The Bridge · 12 min mission

The MCP Bridge: Codex as a Tool Inside Claude

Wire Codex into a Claude session over MCP, keep stateful threads, and build a dual-agent pipeline.

tandemmcpsdkFact-checked 2026-06-13

On this page

Stage 1 — Codex as an MCP server
The codex() parameters that matter
Stage 2 — stateful threads with threadId
The community wrapper: codex-mcp-server
Scope the bridge to one subagent
Stage 3 — the dual-agent pipeline in code
Where this leaves you

You already know the two CLIs as rivals: Claude Code in one terminal, Codex in another, you playing referee. This guide deletes the referee. We wire Codex into a Claude session as a callable tool, so Claude can hand a sub-task to GPT-5-class reasoning, read the answer, and keep going — one loop, one context, no copy-paste.

The trick is that there is no trick. MCP is the neutral protocol that makes this work, and it is the exact same standard covered in the Claude Code MCP guide (claude mcp add, scopes, .mcp.json, tool search). Read that first if "MCP server" still feels fuzzy — here we assume it. The one new idea: the server you are connecting is Codex itself.

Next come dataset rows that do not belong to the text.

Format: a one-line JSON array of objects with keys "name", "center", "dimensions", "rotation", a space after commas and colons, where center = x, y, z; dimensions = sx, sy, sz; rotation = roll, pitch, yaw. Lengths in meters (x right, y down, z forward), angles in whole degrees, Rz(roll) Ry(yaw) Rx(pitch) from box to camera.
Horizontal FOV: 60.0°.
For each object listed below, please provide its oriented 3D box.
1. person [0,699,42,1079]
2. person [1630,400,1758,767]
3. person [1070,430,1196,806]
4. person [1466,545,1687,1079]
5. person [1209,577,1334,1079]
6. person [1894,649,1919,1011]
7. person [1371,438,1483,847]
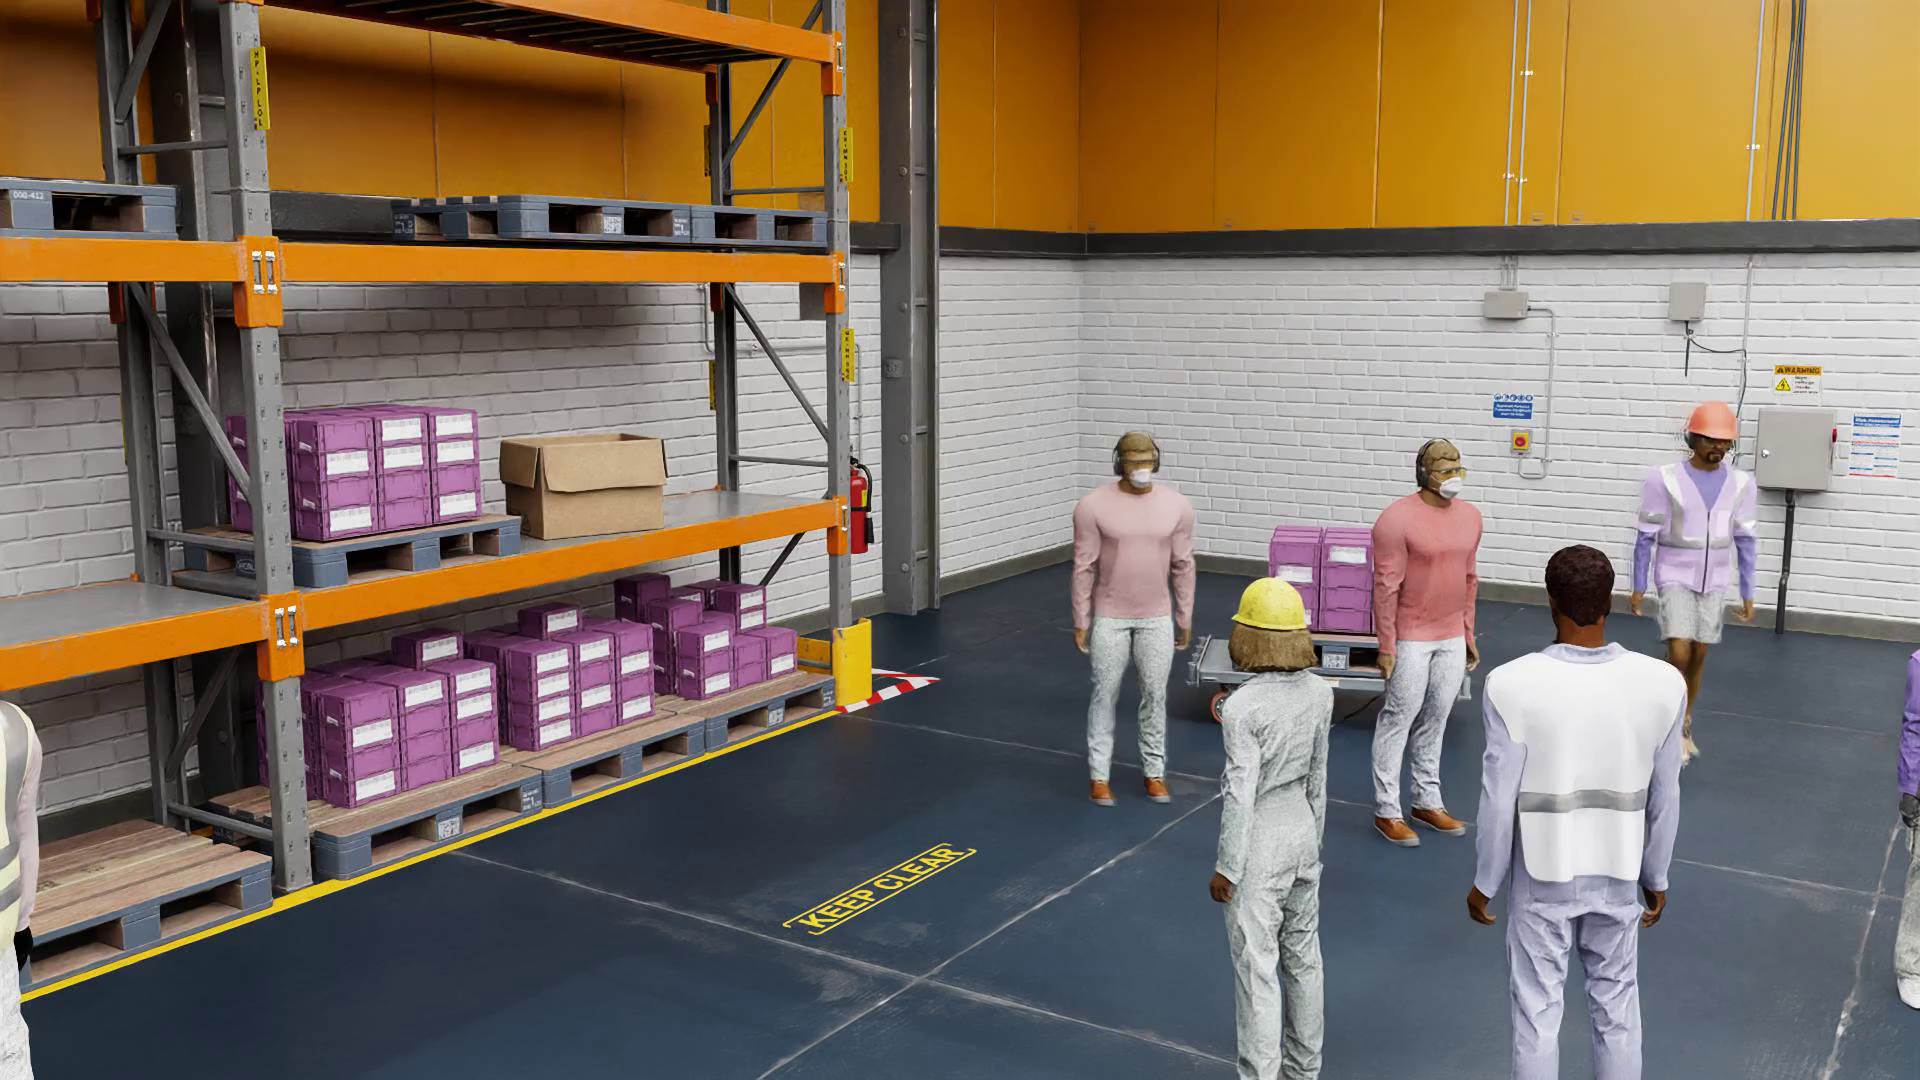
[{"name": "person", "center": [-2.720, 1.076, 4.369], "dimensions": [0.429, 1.844, 0.625], "rotation": [4, 9, 22]}, {"name": "person", "center": [4.074, 0.248, 9.157], "dimensions": [0.649, 2.019, 0.694], "rotation": [0, 9, -1]}, {"name": "person", "center": [0.883, 0.399, 8.502], "dimensions": [0.649, 1.931, 0.380], "rotation": [-1, 9, -6]}, {"name": "person", "center": [1.785, 0.968, 4.842], "dimensions": [0.588, 1.913, 0.391], "rotation": [0, 9, -1]}, {"name": "person", "center": [0.972, 0.982, 5.297], "dimensions": [0.494, 1.743, 0.307], "rotation": [-8, 12, -41]}, {"name": "person", "center": [3.674, 0.923, 6.052], "dimensions": [0.509, 1.629, 0.316], "rotation": [1, 9, 8]}, {"name": "person", "center": [2.233, 0.477, 7.948], "dimensions": [0.629, 1.940, 0.376], "rotation": [-5, 10, -28]}]
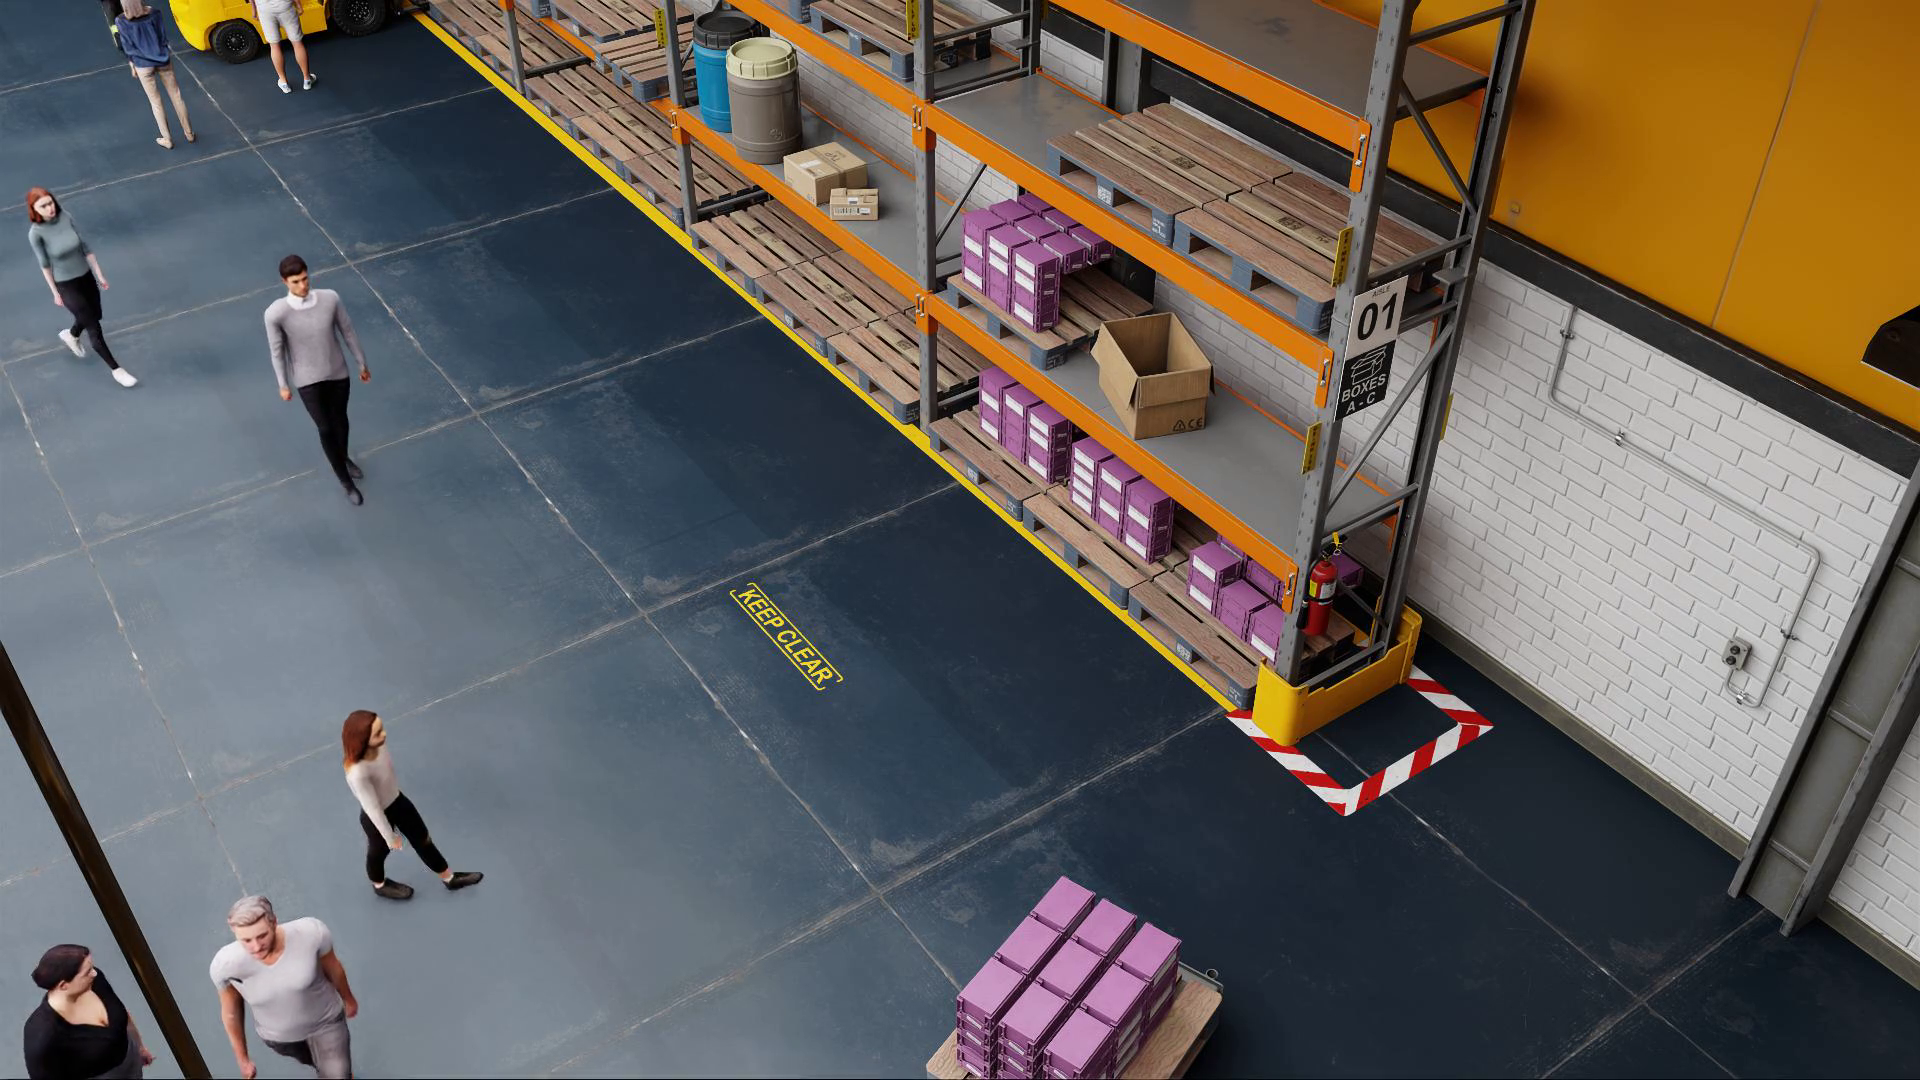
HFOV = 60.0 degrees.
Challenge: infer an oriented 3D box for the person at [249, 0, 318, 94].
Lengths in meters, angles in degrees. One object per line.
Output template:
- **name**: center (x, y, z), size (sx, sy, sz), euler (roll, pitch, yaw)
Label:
- **person**: center (-7.370, -5.751, 17.890), size (0.738, 1.854, 0.649), euler (-13, 41, -16)

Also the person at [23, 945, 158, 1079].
- **person**: center (-4.054, 2.497, 7.667), size (0.963, 1.722, 0.901), euler (6, 39, 8)

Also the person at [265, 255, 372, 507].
- **person**: center (-4.736, -1.259, 12.227), size (0.830, 1.901, 0.972), euler (-29, 47, -31)

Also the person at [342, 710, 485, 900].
- **person**: center (-3.242, 1.485, 9.145), size (0.937, 1.460, 0.909), euler (2, 39, 3)

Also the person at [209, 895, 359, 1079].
- **person**: center (-3.165, 2.240, 7.948), size (0.894, 1.773, 1.262), euler (-14, 41, -17)

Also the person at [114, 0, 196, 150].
- **person**: center (-8.170, -4.817, 16.845), size (0.637, 1.698, 0.598), euler (-30, 47, -32)

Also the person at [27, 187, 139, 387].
- **person**: center (-7.145, -2.060, 13.370), size (1.126, 1.725, 0.911), euler (18, 42, 21)

We build in three stages. Stage 1 registers Codex as an MCP server so codex() shows up as a tool in your Claude session. Stage 2 keeps that Codex thread stateful across multiple turns with codex-reply(). Stage 3 drops the interactive CLI entirely and drives both agents from code with the Claude Agent SDK, where "Claude calls Codex" becomes a dual-agent pipeline you can put in CI.

Stage 1 — Codex as an MCP server

Codex can run as an MCP server over stdio. The command is codex mcp-server [V]. It launches a long-lived process that speaks MCP on standard input/output and exposes exactly two tools:

codex [V] — starts a new Codex session against a prompt.
codex-reply [V] — continues an existing Codex session by its thread id.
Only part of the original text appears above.